Extraordinary Vintage Portraits of American Dancer Nina Payne From the Early 20th Century

Born in Charlestown, Indiana, in 1890, Nina Payne appeared in vaudeville houses when she was only 16. She had her break in La Somnambule, staged by William Morris in New York in 1910: one of the segments was called La Danse de la Robe de Nuit and during one of her performances she carried a lit candle that set fire to her hair and her costume. Payne didn’t flinch, though, but put it out by rolling on the floor.

She then appeared in Cleopatra En Masque and in in a vaudeville act described as “Character Studies in Dance” with sets and costumes designed by artist Homer Conant. Her act was often complemented by striking costumes and accessories, including an elongated top hat.

In 1921, Payne went on holiday to Paris, but, after appearing with a jazz band at the Olympia Theatre, she got a contract for the 1922 season of the Folies Bergere, and ended up staying for two years.

Launched in February 1922 at the Folies Bergere, the show Folies Sur Folies featured Payne as a the Ibis in the tableaux Let Women be Beautiful and performing Cubist and Dadaist dances in The Girl of Tomorrow.

In 1924, Payne went back in New York, but returned to Europe at the beginning of 1925, appearing also in Monte Carlo. She then divided her time between Europe and the United States and, in 1927, she did a tour of the resorts of the French Riviera, where she became known as “the rage of the Riviera,” for her repertoire comprising ancient Egyptian dances, oriental dances, and modernist dances.

Between 1927 and 1928 Payne toured various cities in Europe, including Berlin, Munich, Dresden, Vienna, Budapest and Copenhagen, appearing in a show with Josephine Baker in Vienna.
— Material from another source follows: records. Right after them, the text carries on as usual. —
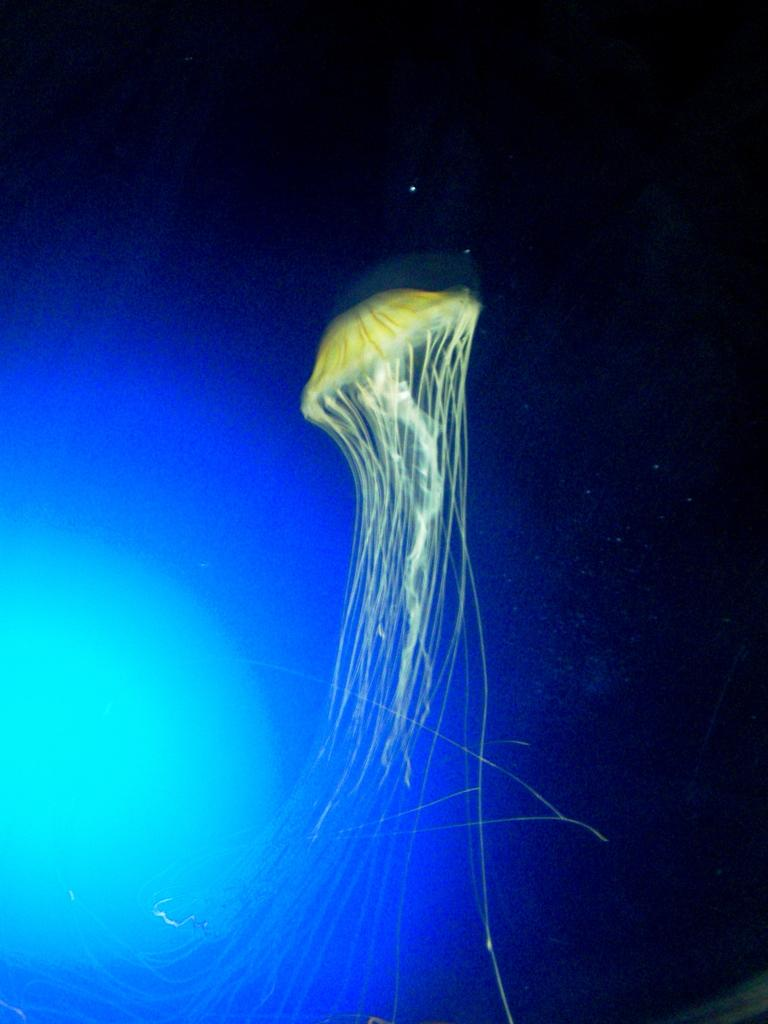What type of sea creature is in the image? There is a jellyfish in the image. What color is the jellyfish? The jellyfish is green in color. What can be seen on the left side of the image? There is a blue color light on the left side of the image. How would you describe the background of the image? The background of the image is dark. What type of jelly is being served during the harmony meal in the image? There is no jelly or meal present in the image; it features a green jellyfish and a blue color light. 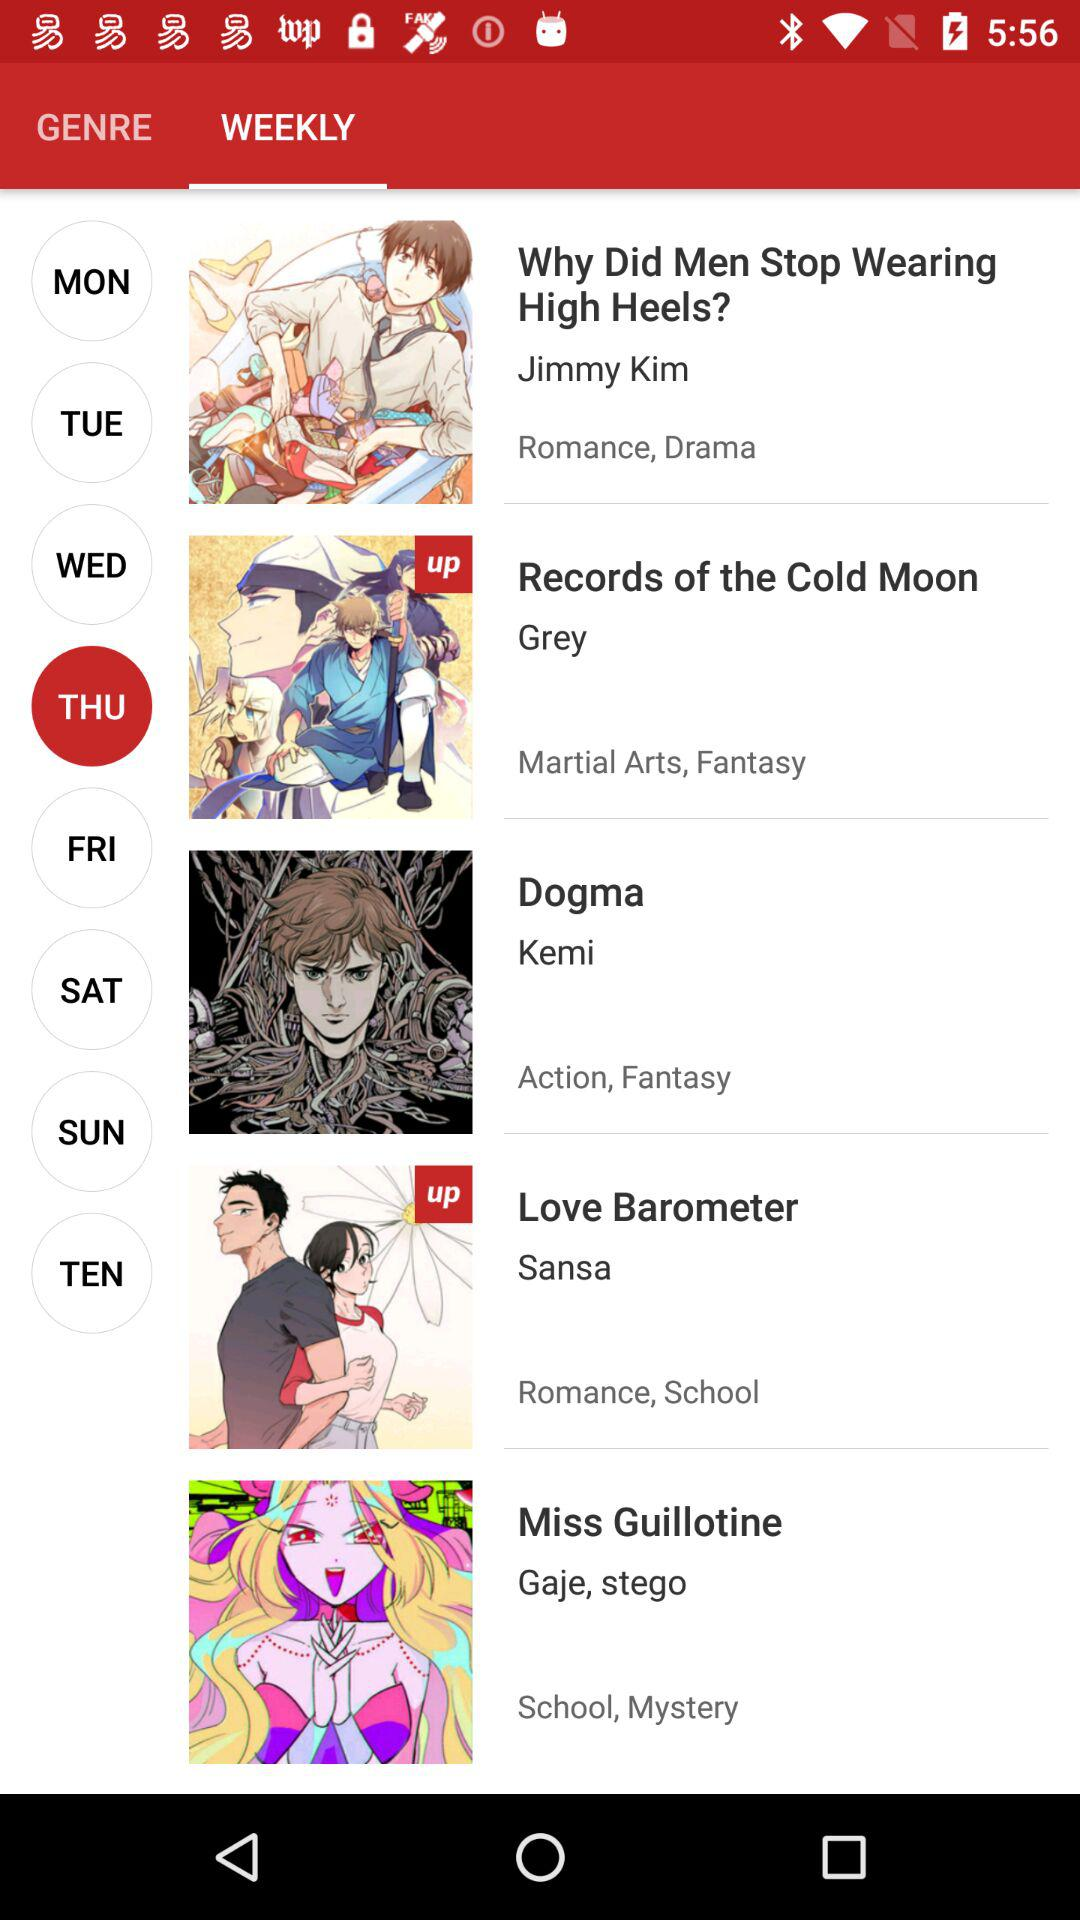What is the selected day? The selected day is Thursday. 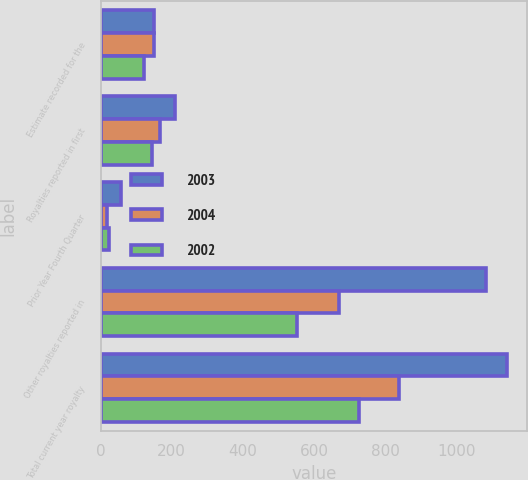Convert chart to OTSL. <chart><loc_0><loc_0><loc_500><loc_500><stacked_bar_chart><ecel><fcel>Estimate recorded for the<fcel>Royalties reported in first<fcel>Prior Year Fourth Quarter<fcel>Other royalties reported in<fcel>Total current year royalty<nl><fcel>2003<fcel>151<fcel>208<fcel>57<fcel>1084<fcel>1141<nl><fcel>2004<fcel>150<fcel>167<fcel>17<fcel>670<fcel>838<nl><fcel>2002<fcel>122<fcel>146<fcel>24<fcel>551<fcel>725<nl></chart>

One of her last appearances in Paris was at the Moulin Rouge in April 1929. In the early 1930 she returned to New York and married Charles A. Bostwick, retiring from dancing in public.

It is not rare to stumble online upon pictures of Payne in Confetti, a revue by German composer of hit songs, film music, operetta and vaudeville Rudolf Nelson, and you can easily understand why. The images are in black and white, but you can almost imagine the effects the colors of Payne costume would have created on stage. In the images, Payne is wearing a costume that looks like a crossover between De Chirico’s costumes for the Ballets Russes, costumes by the Bauhaus and colorful costumes made by a contemporary designer temporarily working for the ballet.

In two of the images Payne accessorized the costume with a mask that, matched with the elongated headgear of the costume, made her look like a statue, an alien or some kind of early 1900s gynoid. Yet the images of Payne in this costume were taken in the 1910s (probably around 1916) and in 1925, proving the eccentric Payne was definitely ahead of her time.